>>12776179Those are other programs. In CS, which comes from more a math tradition than a physics one, rigor leads directly to interesting and useful results. You don’t need the entire undergrad math degree - that’s not for everyone - but just a bit more rigor and math would elevate the average CS degree
>>12776195I didn’t neglect that at all. I mentioned it:
>It also shows up in parts of CS, but it isn’t the mathematical bread and butter in CS like combinatorics, abstract algebra, and logic.calculus has numerous uses in CS, but it’s still not as important as the above. It’s still necessary to learn just out of pedagogy and because its the basics - as a stem student, you need to be able to commune with other people from other subjects. You do work related to the rest of stem, and so you should be able to learn what others do. Calculus is the basic language for that.
And this isn’t even like, grad level stuff. How are you gonna learn about numerical methods without calculus and discrete math / algebraic methods? How are you gonna do any algorithm analysis for something that isn’t the super basic recurrence with a master theorem without calculus and generating functions? This stuff *is sophomore level* and is absolutely what a generalist in CS needs. It’s not much to ask these people to do it.

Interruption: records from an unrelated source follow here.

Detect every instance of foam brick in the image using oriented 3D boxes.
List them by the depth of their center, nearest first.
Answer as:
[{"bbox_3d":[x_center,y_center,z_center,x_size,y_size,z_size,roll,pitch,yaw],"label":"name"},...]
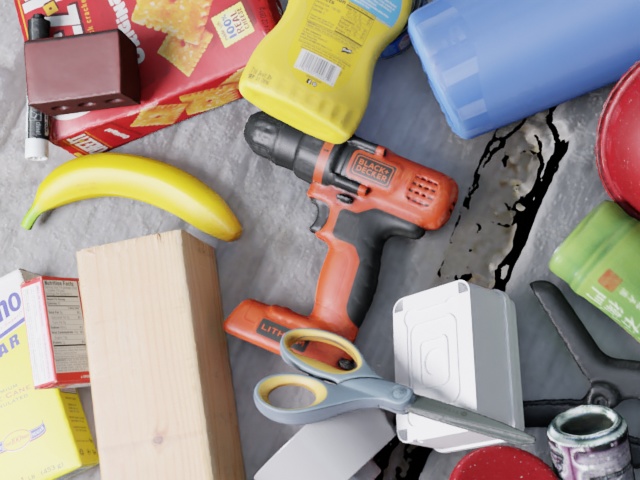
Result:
[{"bbox_3d":[-0.185,-0.131,0.839,0.078,0.053,0.051,-7,85,7],"label":"foam brick"}]

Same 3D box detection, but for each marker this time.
[{"bbox_3d":[-0.230,-0.126,0.871,0.020,0.020,0.121,-3,83,12],"label":"marker"}]

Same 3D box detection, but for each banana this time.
[{"bbox_3d":[-0.159,-0.039,0.903,0.198,0.037,0.069,3,99,15],"label":"banana"}]

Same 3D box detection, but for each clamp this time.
[{"bbox_3d":[0.197,0.123,0.790,0.171,0.039,0.120,37,107,15],"label":"clamp"}]

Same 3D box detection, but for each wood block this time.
[{"bbox_3d":[-0.124,0.106,0.840,0.091,0.090,0.206,-11,78,10],"label":"wood block"}]

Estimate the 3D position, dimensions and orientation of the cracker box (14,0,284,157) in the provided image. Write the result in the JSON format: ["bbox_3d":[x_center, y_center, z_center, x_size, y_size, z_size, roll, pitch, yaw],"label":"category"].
[{"bbox_3d":[-0.141,-0.183,0.904,0.214,0.072,0.164,-19,76,10],"label":"cracker box"}]

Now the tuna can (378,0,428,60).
[{"bbox_3d":[0.045,-0.195,0.882,0.086,0.033,0.086,-2,80,13],"label":"tuna can"}]

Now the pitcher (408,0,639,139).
[{"bbox_3d":[0.190,-0.181,0.803,0.243,0.149,0.145,-24,117,11],"label":"pitcher"}]

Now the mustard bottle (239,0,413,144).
[{"bbox_3d":[0.018,-0.178,0.827,0.096,0.058,0.191,26,78,-6],"label":"mustard bottle"}]

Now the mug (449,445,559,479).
[{"bbox_3d":[0.123,0.207,0.741,0.093,0.081,0.117,9,45,4],"label":"mug"}]

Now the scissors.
[{"bbox_3d":[0.037,0.117,0.730,0.202,0.016,0.096,27,50,37],"label":"scissors"}]

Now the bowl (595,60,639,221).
[{"bbox_3d":[0.280,-0.063,0.751,0.162,0.055,0.162,1,116,3],"label":"bowl"}]

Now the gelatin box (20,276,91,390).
[{"bbox_3d":[-0.203,0.075,0.870,0.030,0.073,0.089,-20,76,32],"label":"gelatin box"}]

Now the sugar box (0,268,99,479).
[{"bbox_3d":[-0.255,0.122,0.890,0.093,0.048,0.176,-25,77,8],"label":"sugar box"}]

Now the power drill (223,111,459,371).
[{"bbox_3d":[-0.006,0.001,0.847,0.184,0.057,0.187,23,86,16],"label":"power drill"}]
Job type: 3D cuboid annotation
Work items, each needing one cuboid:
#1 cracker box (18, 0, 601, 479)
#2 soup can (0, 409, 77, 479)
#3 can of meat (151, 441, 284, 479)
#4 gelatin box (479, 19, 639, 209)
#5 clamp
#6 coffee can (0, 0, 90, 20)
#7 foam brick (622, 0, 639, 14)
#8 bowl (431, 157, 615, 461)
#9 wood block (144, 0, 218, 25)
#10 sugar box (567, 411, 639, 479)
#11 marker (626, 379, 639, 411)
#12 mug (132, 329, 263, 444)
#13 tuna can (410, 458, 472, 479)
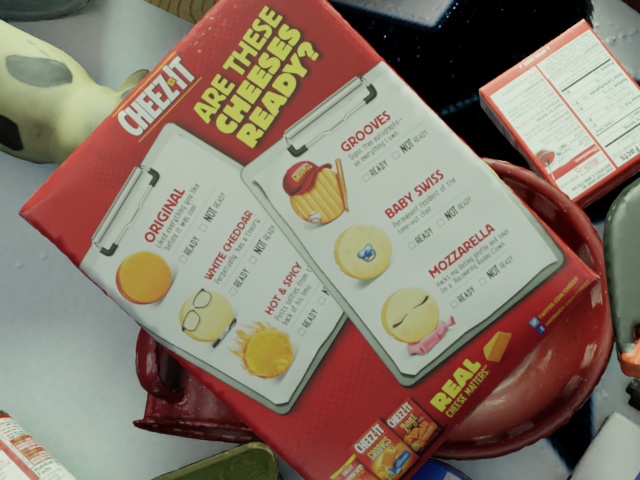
[{"bbox_3d":[-0.003,0.001,0.507,0.213,0.072,0.164,44,89,-6],"label":"cracker box"},{"bbox_3d":[-0.169,0.155,0.605,0.102,0.068,0.068,39,88,15],"label":"soup can"},{"bbox_3d":[-0.053,0.166,0.564,0.102,0.084,0.057,-22,33,7],"label":"can of meat"},{"bbox_3d":[0.145,-0.068,0.605,0.073,0.030,0.089,-34,74,2],"label":"gelatin box"},{"bbox_3d":[0.197,-0.029,0.535,0.165,0.036,0.210,35,82,25],"label":"clamp"},{"bbox_3d":[-0.190,-0.223,0.668,0.103,0.102,0.140,-2,78,11],"label":"coffee can"},{"bbox_3d":[0.195,-0.176,0.605,0.051,0.053,0.078,43,88,16],"label":"foam brick"},{"bbox_3d":[0.078,0.039,0.584,0.162,0.055,0.162,-2,78,11],"label":"bowl"},{"bbox_3d":[-0.076,-0.243,0.611,0.090,0.090,0.206,-18,74,28],"label":"wood block"},{"bbox_3d":[0.141,0.187,0.547,0.093,0.048,0.176,34,83,16],"label":"sugar box"},{"bbox_3d":[0.208,0.109,0.545,0.121,0.020,0.020,38,88,34],"label":"marker"},{"bbox_3d":[-0.058,0.064,0.579,0.093,0.117,0.081,-5,72,34],"label":"mug"},{"bbox_3d":[0.052,0.153,0.552,0.086,0.086,0.033,24,40,15],"label":"tuna can"}]
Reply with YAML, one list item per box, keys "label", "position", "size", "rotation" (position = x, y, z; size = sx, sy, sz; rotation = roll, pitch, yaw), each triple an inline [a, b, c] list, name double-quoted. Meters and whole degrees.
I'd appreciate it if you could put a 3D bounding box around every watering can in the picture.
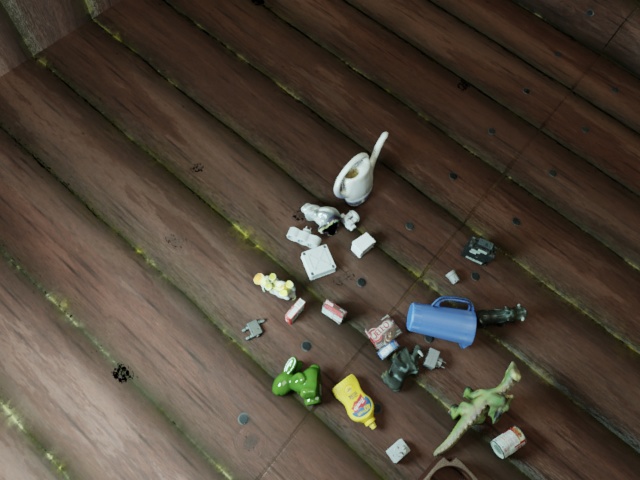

You’re in undergrad CS to solve problems - what other things would you have them learn instead? They ought to take systems up to OS and maybe embedded, language theory and compilers, and some hot topic application areas like machine learning, graphics processing, robotics, biology inspired computing, data mining, etc.. all of these hot application areas, alongside places in core theory, use calculus alongside the discrete math. It’s important.